Est-ce que la mort de Ben Laden risque de changer la face du terrorisme ?
Sa disparition ne modifie pas l’étendue de la menace terroriste, et ne fera pas disparaître les attentats, ni en France ni ailleurs. C’est sûr et certain, il y en aura toujours de la part de groupes se réclamant d’Al-Qaeda. Sa mort risque même de susciter des opérations kamikazes. Mais cela va changer le côté mondial du message qui était véhiculé et incarné par Oussama ben Laden. Il a joué un rôle de fédérateur de nombreux groupes d’islamistes de pays et d’horizons divers dans le monde entier, qui avaient signé en 1998 sa charte de lutte contre «les juifs et les croisés». Il a été reconnu sans conteste comme le chef spirituel ou le guide, même s’il n’avait pas de rôle opérationnel, par tous ces groupes qui avaient un rapport assez personnel avec lui. Pour intégrer Al-Qaeda, on prêtait allégeance à Ben Laden, ce qui ne sera pas forcément le cas avec un autre chef qui pourrait être désigné ou élu par Al-Qaeda.
Des adjoints ou porte-parole de Ben Laden comme Al-Zawahiri, lequel dictait déjà ses messages, ne peuvent-ils le remplacer ?
C’est comme si vous me disiez : «Le président de la République est mort.
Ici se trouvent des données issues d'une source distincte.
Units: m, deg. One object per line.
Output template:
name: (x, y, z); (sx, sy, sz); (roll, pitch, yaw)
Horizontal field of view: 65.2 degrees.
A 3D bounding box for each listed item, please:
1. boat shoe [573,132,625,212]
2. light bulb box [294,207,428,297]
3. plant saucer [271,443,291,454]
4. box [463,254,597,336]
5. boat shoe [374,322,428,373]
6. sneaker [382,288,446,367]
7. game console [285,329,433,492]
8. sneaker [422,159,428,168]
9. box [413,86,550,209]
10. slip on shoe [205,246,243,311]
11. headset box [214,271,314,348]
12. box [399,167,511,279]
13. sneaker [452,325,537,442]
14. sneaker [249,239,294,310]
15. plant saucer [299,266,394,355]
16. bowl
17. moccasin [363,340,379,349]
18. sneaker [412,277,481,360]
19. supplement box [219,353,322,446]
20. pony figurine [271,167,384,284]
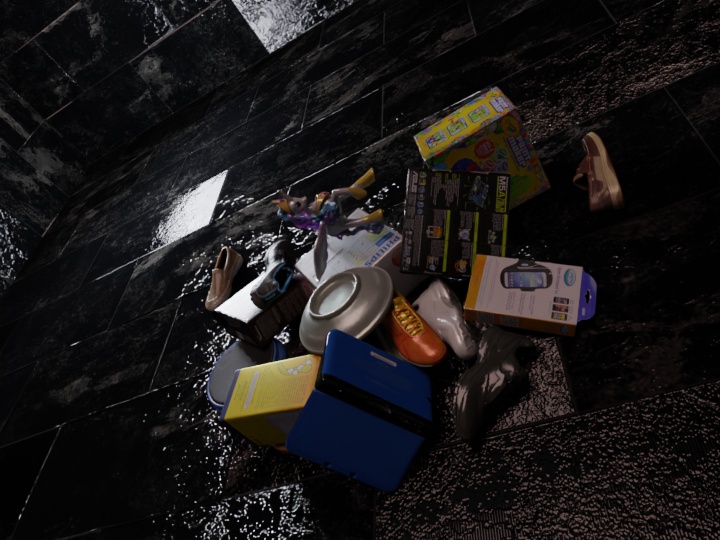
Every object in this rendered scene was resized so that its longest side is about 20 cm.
boat shoe: (0.433, -0.182, 1.054); (0.072, 0.072, 0.200); (-19, 47, 23)
light bulb box: (0.000, 0.000, 1.185); (0.198, 0.125, 0.200); (-43, 37, -6)
plant saucer: (-0.112, 0.255, 1.092); (0.200, 0.032, 0.201); (-24, 40, 21)
box: (0.281, 0.040, 0.932); (0.200, 0.042, 0.119); (9, 54, 18)
boat shoe: (0.070, 0.133, 1.037); (0.066, 0.072, 0.201); (-27, 39, 2)
sneaker: (0.074, 0.093, 0.964); (0.073, 0.077, 0.200); (-35, 42, -11)
game console: (0.003, 0.219, 0.890); (0.118, 0.200, 0.171); (-52, 18, 33)
sneaker: (0.152, -0.164, 1.244); (0.060, 0.104, 0.200); (-5, 48, 38)
box: (0.245, -0.221, 1.140); (0.192, 0.200, 0.122); (-29, 34, 14)
slip on shoe: (-0.385, 0.021, 1.550); (0.076, 0.061, 0.200); (-10, 45, 34)
headset box: (-0.209, 0.075, 1.297); (0.200, 0.075, 0.148); (-40, 33, -30)
box: (0.175, -0.086, 1.044); (0.193, 0.048, 0.201); (4, 83, 4)
sneaker: (0.208, 0.175, 0.869); (0.091, 0.076, 0.200); (10, 60, 39)
sneaker: (-0.170, 0.000, 1.228); (0.082, 0.073, 0.200); (-29, 32, 33)
plant saucer: (-0.037, 0.056, 0.998); (0.200, 0.050, 0.200); (-27, 33, 19)
bowl: (-0.253, 0.224, 1.239); (0.200, 0.039, 0.201); (-23, 39, 20)
moccasin: (-0.035, 0.149, 1.085); (0.068, 0.080, 0.200); (-65, 25, -1)
sneaker: (0.147, 0.103, 1.006); (0.099, 0.078, 0.200); (-41, 29, 13)
supplement box: (-0.132, 0.235, 1.012); (0.200, 0.109, 0.110); (-15, 42, 27)
pony figurine: (-0.056, -0.096, 1.100); (0.200, 0.193, 0.167); (-13, 43, 2)
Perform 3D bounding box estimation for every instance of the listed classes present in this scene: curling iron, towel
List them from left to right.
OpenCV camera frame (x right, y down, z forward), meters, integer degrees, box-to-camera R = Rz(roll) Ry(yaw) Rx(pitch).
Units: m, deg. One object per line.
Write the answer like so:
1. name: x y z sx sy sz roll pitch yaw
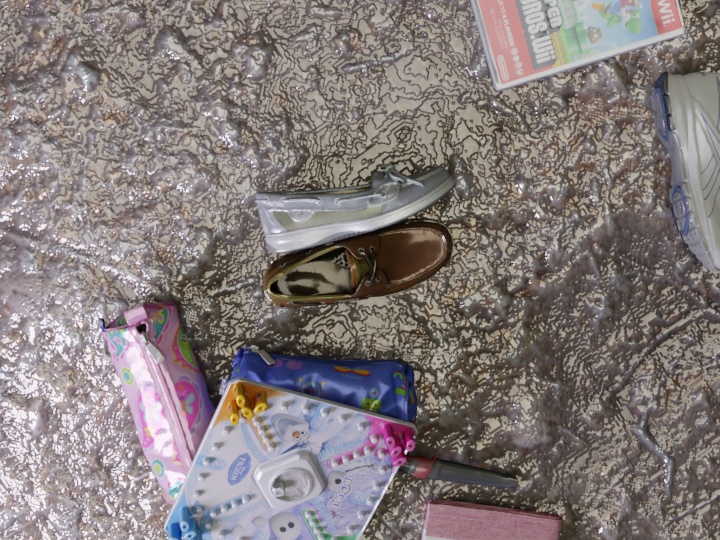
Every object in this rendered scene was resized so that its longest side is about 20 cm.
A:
1. curling iron: 0.066 0.197 1.376 0.197 0.050 0.026 9 96 -4
2. towel: 0.125 0.342 1.395 0.142 0.023 0.203 8 97 -1

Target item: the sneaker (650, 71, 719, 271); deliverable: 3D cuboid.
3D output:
1. sneaker: 0.346 -0.101 1.327 0.086 0.075 0.203 -10 95 -2

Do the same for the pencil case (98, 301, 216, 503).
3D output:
1. pencil case: -0.192 0.130 1.356 0.086 0.087 0.203 -19 95 3

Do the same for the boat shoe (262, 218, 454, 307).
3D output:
1. boat shoe: 0.000 0.000 1.346 0.197 0.068 0.073 -18 94 3

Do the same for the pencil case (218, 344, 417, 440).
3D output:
1. pencil case: -0.040 0.121 1.352 0.197 0.078 0.088 6 118 0

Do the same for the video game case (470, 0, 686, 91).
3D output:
1. video game case: 0.210 -0.276 1.341 0.197 0.017 0.145 -16 94 3

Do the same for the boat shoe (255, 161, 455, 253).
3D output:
1. boat shoe: -0.005 -0.072 1.339 0.199 0.074 0.066 -15 99 10

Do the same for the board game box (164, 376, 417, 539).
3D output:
1. board game box: -0.068 0.211 1.321 0.197 0.026 0.202 17 118 -19

On va le remplacer par le chef d’état-major aux armées.» Al-Zawahiri représente avant tout un groupe terroriste égyptien, mais était aussi le chef opérationnel d’Al-Qaeda. Personne ne s’impose comme l’héritier de Ben Laden, qui était le leader incontesté du jihad et possédait un charisme indéniable. Son apparition le 11 Septembre avec des attaques d’une ampleur sans précédent avait résolument rendu le terrorisme mondial. Fini, les Etats et les pays. Il n’y avait plus dans le monde que la charia (la loi islamique) et la oumma (la communauté des musulmans au-delà des frontières), Al-Qaeda partout. C’est ainsi que Ben Laden a rassemblé toutes ces petites unités autonomes de par le monde dans une nébuleuse.
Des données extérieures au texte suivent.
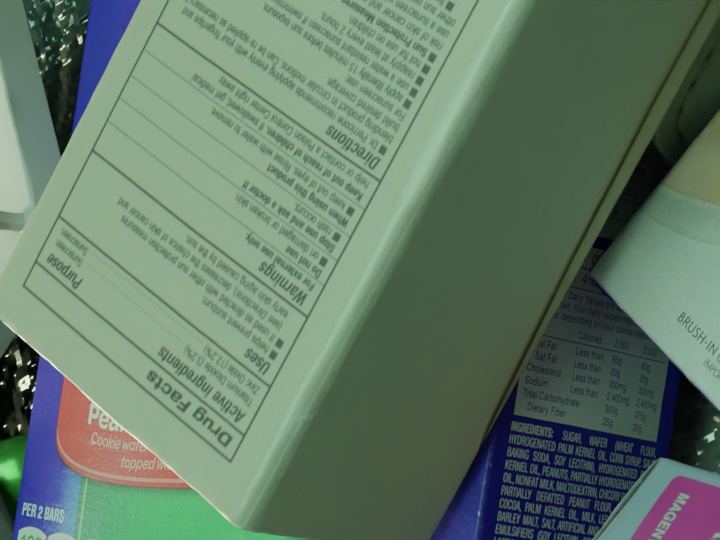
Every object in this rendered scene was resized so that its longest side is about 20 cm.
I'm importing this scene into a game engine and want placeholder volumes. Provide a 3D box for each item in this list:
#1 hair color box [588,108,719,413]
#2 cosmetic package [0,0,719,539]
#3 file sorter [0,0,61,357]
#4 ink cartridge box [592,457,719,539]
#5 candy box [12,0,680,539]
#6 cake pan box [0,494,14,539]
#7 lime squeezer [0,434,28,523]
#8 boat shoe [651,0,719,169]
[{"bbox_3d":[0.156,-0.036,0.643,0.200,0.065,0.109,-51,52,12],"label":"hair color box"},{"bbox_3d":[0.009,-0.048,0.658,0.103,0.073,0.201,37,105,36],"label":"cosmetic package"},{"bbox_3d":[-0.187,-0.009,0.838,0.200,0.124,0.139,-54,41,40],"label":"file sorter"},{"bbox_3d":[0.149,0.111,0.592,0.199,0.120,0.042,17,57,41],"label":"ink cartridge box"},{"bbox_3d":[0.000,0.000,0.754,0.169,0.077,0.201,4,83,43],"label":"candy box"},{"bbox_3d":[-0.132,0.183,0.812,0.200,0.052,0.185,-49,54,30],"label":"cake pan box"},{"bbox_3d":[-0.090,0.035,0.863,0.201,0.038,0.071,-61,20,8],"label":"lime squeezer"},{"bbox_3d":[0.123,-0.115,0.689,0.201,0.072,0.061,-52,53,3],"label":"boat shoe"}]
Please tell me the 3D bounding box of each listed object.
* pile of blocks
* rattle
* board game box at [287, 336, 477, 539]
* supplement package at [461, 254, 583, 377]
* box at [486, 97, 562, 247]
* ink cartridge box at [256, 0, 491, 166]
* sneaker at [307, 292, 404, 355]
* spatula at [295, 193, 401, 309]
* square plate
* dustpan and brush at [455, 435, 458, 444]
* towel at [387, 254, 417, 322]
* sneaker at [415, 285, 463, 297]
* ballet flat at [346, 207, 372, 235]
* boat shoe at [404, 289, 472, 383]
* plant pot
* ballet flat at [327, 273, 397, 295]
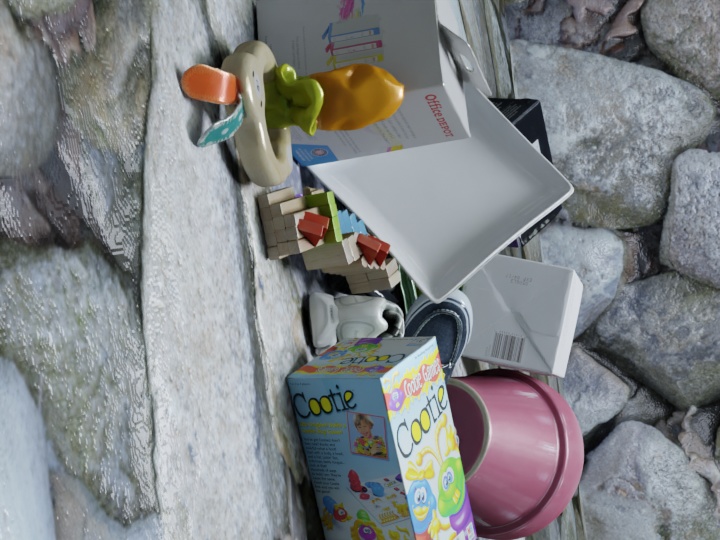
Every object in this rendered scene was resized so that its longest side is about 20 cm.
[{"bbox_3d":[-0.014,-0.034,1.407,0.200,0.062,0.083,25,62,-56],"label":"pile of blocks"},{"bbox_3d":[-0.052,-0.138,1.270,0.200,0.142,0.131,50,51,-77],"label":"rattle"},{"bbox_3d":[0.022,0.171,1.384,0.103,0.104,0.201,-32,114,-52],"label":"board game box"},{"bbox_3d":[0.184,0.054,1.764,0.200,0.120,0.121,24,78,-77],"label":"supplement package"},{"bbox_3d":[0.122,-0.121,1.825,0.104,0.199,0.149,-40,124,-41],"label":"box"},{"bbox_3d":[0.016,-0.192,1.444,0.129,0.199,0.126,50,33,-68],"label":"ink cartridge box"},{"bbox_3d":[0.009,0.065,1.517,0.200,0.081,0.076,41,40,-73],"label":"sneaker"},{"bbox_3d":[-0.011,-0.007,1.491,0.200,0.020,0.057,46,42,-46],"label":"spatula"},{"bbox_3d":[0.078,-0.091,1.530,0.200,0.198,0.028,47,-20,12],"label":"square plate"},{"bbox_3d":[0.026,0.179,1.501,0.057,0.139,0.201,-33,149,-46],"label":"dustpan and brush"},{"bbox_3d":[0.051,0.034,1.751,0.200,0.023,0.154,-102,-179,-78],"label":"towel"},{"bbox_3d":[0.101,0.014,1.814,0.200,0.083,0.075,-101,179,-71],"label":"sneaker"},{"bbox_3d":[0.007,-0.086,1.653,0.200,0.070,0.071,52,32,-65],"label":"ballet flat"},{"bbox_3d":[0.062,0.114,1.576,0.091,0.070,0.201,-78,-171,-52],"label":"boat shoe"},{"bbox_3d":[0.130,0.201,1.749,0.179,0.199,0.201,25,55,-55],"label":"plant pot"},{"bbox_3d":[0.000,0.000,1.623,0.067,0.057,0.200,56,4,10],"label":"ballet flat"}]
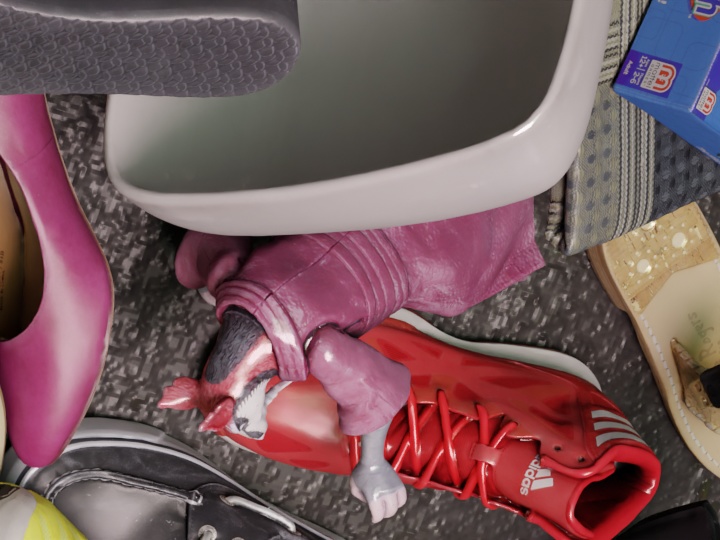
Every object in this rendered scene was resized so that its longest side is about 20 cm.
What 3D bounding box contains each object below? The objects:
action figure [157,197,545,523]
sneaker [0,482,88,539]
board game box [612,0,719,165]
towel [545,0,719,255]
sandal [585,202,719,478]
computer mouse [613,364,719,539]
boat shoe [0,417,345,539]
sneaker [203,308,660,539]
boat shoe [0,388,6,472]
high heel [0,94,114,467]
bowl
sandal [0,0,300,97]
[{"bbox_3d":[0.000,0.000,1.083,0.200,0.134,0.149,-44,165,-36],"label":"action figure"},{"bbox_3d":[-0.106,0.150,1.102,0.200,0.076,0.075,70,29,-52],"label":"sneaker"},{"bbox_3d":[0.203,-0.105,1.166,0.200,0.045,0.152,27,85,-50],"label":"board game box"},{"bbox_3d":[0.139,-0.123,1.150,0.192,0.035,0.200,-23,122,-41],"label":"towel"},{"bbox_3d":[0.176,0.044,1.238,0.078,0.070,0.212,-42,120,-7],"label":"sandal"},{"bbox_3d":[0.133,0.115,1.208,0.046,0.200,0.141,12,67,-15],"label":"computer mouse"},{"bbox_3d":[-0.062,0.125,1.153,0.200,0.068,0.072,31,93,-29],"label":"boat shoe"},{"bbox_3d":[0.041,0.067,1.155,0.200,0.116,0.078,2,106,-26],"label":"sneaker"},{"bbox_3d":[-0.183,0.032,1.038,0.065,0.072,0.200,-36,143,-37],"label":"boat shoe"},{"bbox_3d":[-0.149,-0.023,1.056,0.096,0.067,0.200,3,87,-35],"label":"high heel"},{"bbox_3d":[0.010,-0.098,1.025,0.075,0.200,0.200,47,45,-49],"label":"bowl"},{"bbox_3d":[-0.121,-0.094,0.952,0.200,0.076,0.043,4,62,-21],"label":"sandal"}]

Quels peuvent être les conséquences de la perte du «fédérateur» ?
Des conséquences en termes de désunion de ces petits groupes qui, avant Ben Laden, étaient plus régionalistes, et vont le redevenir. Ils vont se replier chacun dans leur coin du monde sur leurs préoccupations et leurs cibles respectives, et perdre ainsi leur dimension globale.
En conclusion ?
L’Amérique a tué son plus fidèle ennemi.